> EXCERPTED DATA
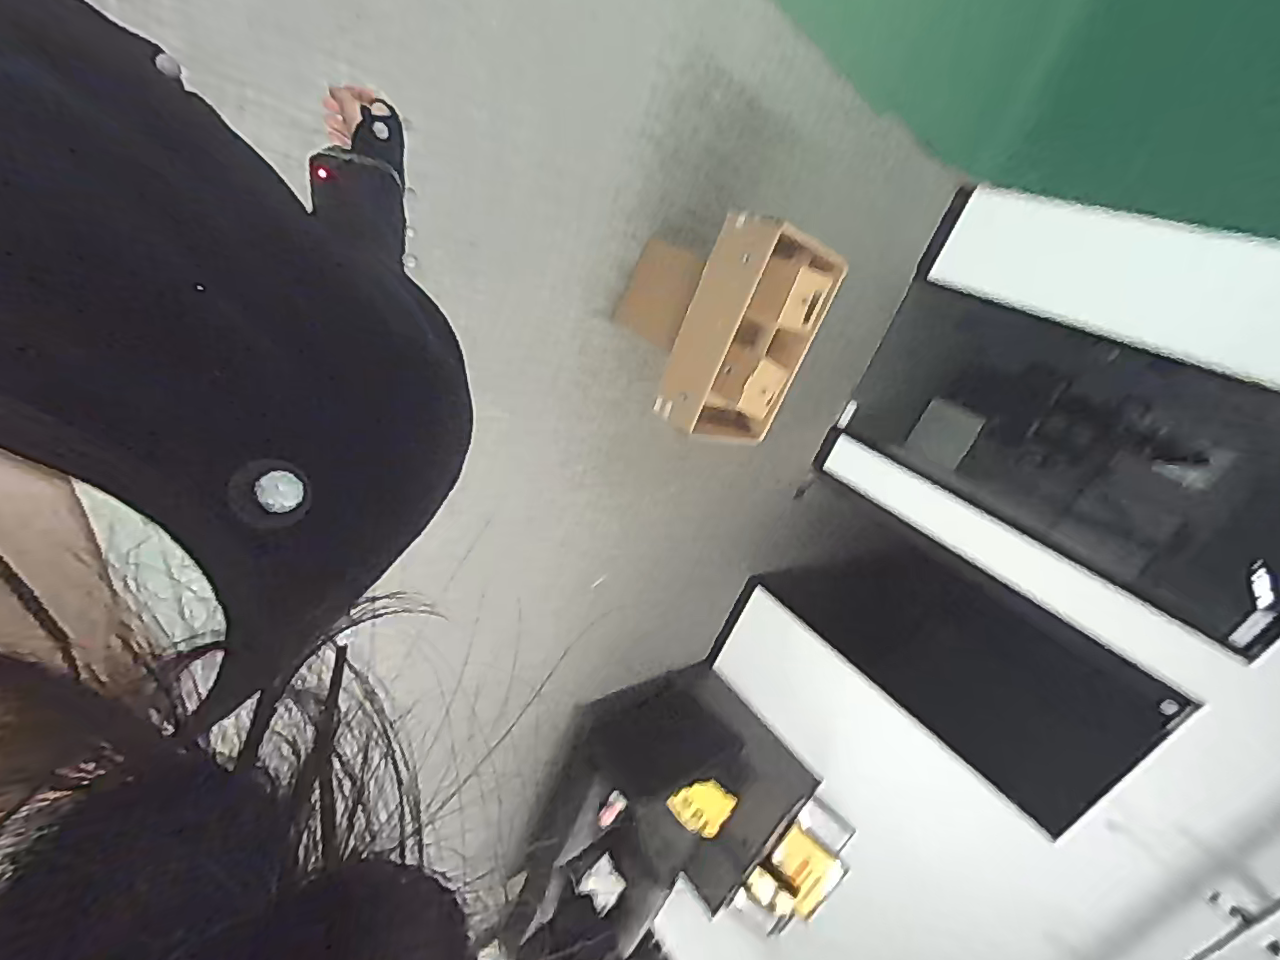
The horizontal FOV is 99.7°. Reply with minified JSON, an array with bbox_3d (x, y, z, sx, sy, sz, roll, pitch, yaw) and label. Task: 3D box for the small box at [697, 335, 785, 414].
[{"bbox_3d":[0.310,-0.331,1.683,0.179,0.176,0.168,13,111,-49],"label":"small box"}]
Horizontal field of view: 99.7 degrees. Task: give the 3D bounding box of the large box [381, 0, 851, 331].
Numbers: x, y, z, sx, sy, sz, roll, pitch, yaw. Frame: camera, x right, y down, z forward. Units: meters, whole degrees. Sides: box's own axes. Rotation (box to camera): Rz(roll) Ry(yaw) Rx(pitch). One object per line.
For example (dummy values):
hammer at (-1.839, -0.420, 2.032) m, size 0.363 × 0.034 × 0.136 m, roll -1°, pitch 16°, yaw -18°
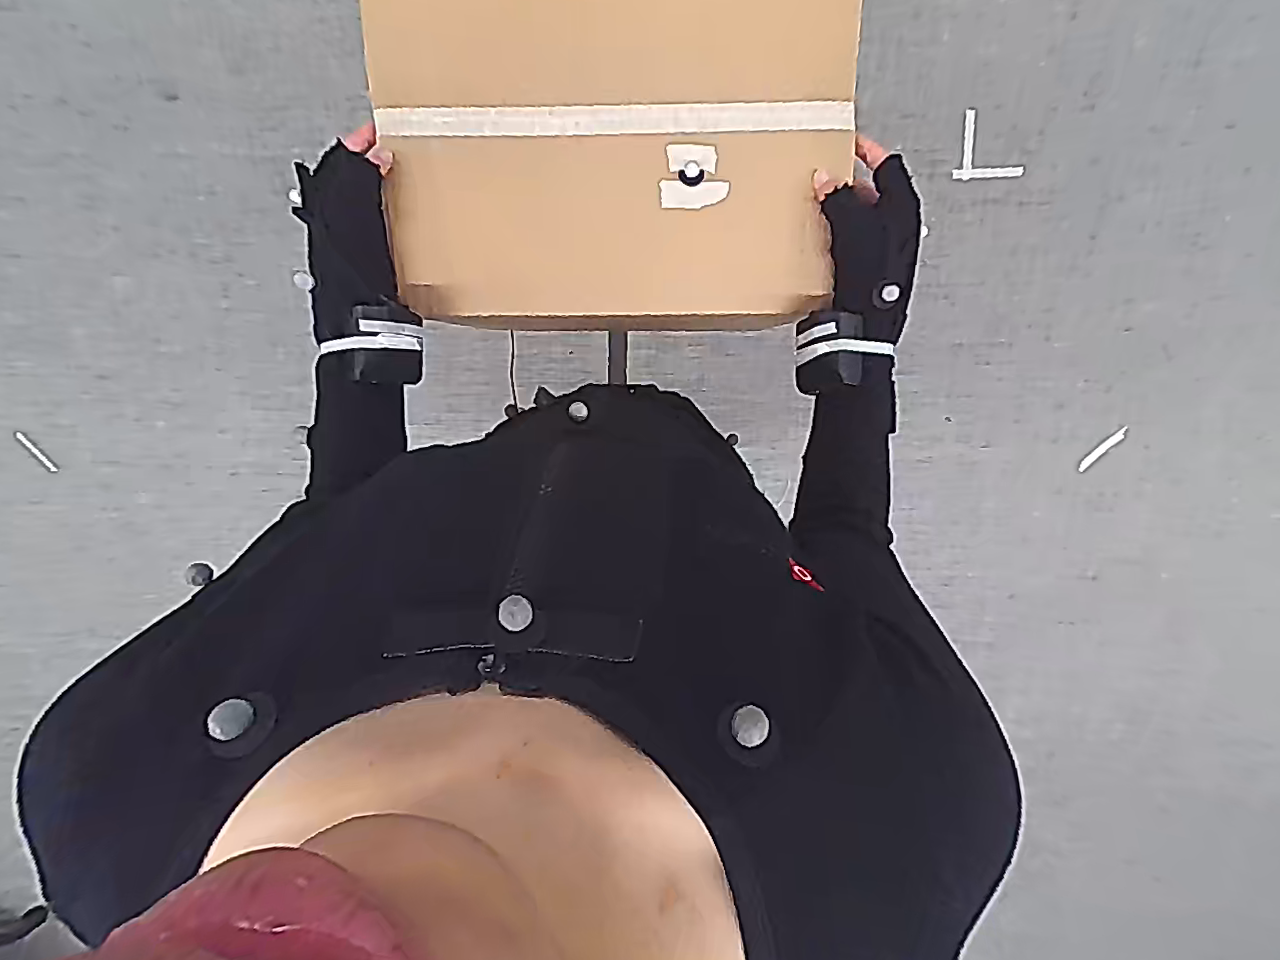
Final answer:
large box at (-0.020, -0.343, 0.618) m, size 0.408 × 0.320 × 0.320 m, roll 0°, pitch 103°, yaw 0°

> ABOUT THIS EXERCISE
Restate the records in full and word for word, but keep the pictures out.

> RESPONSE BOX
The horizontal FOV is 99.7°. Reply with minified JSON, an array with bbox_3d (x, y, z, sx, sy, sz, roll, pitch, yaw) and label. Task: 3D box for the small box at [697, 335, 785, 414].
[{"bbox_3d":[0.310,-0.331,1.683,0.179,0.176,0.168,13,111,-49],"label":"small box"}]
Horizontal field of view: 99.7 degrees. Task: give the 3D bounding box of the large box [381, 0, 851, 331].
Numbers: x, y, z, sx, sy, sz, roll, pitch, yaw. Frame: camera, x right, y down, z forward. Units: meters, whole degrees. Sides: box's own axes. Rotation (box to camera): Rz(roll) Ry(yaw) Rx(pitch). One object per line.
For example (dummy values):
hammer at (-1.839, -0.420, 2.032) m, size 0.363 × 0.034 × 0.136 m, roll -1°, pitch 16°, yaw -18°
Final answer:
large box at (-0.020, -0.343, 0.618) m, size 0.408 × 0.320 × 0.320 m, roll 0°, pitch 103°, yaw 0°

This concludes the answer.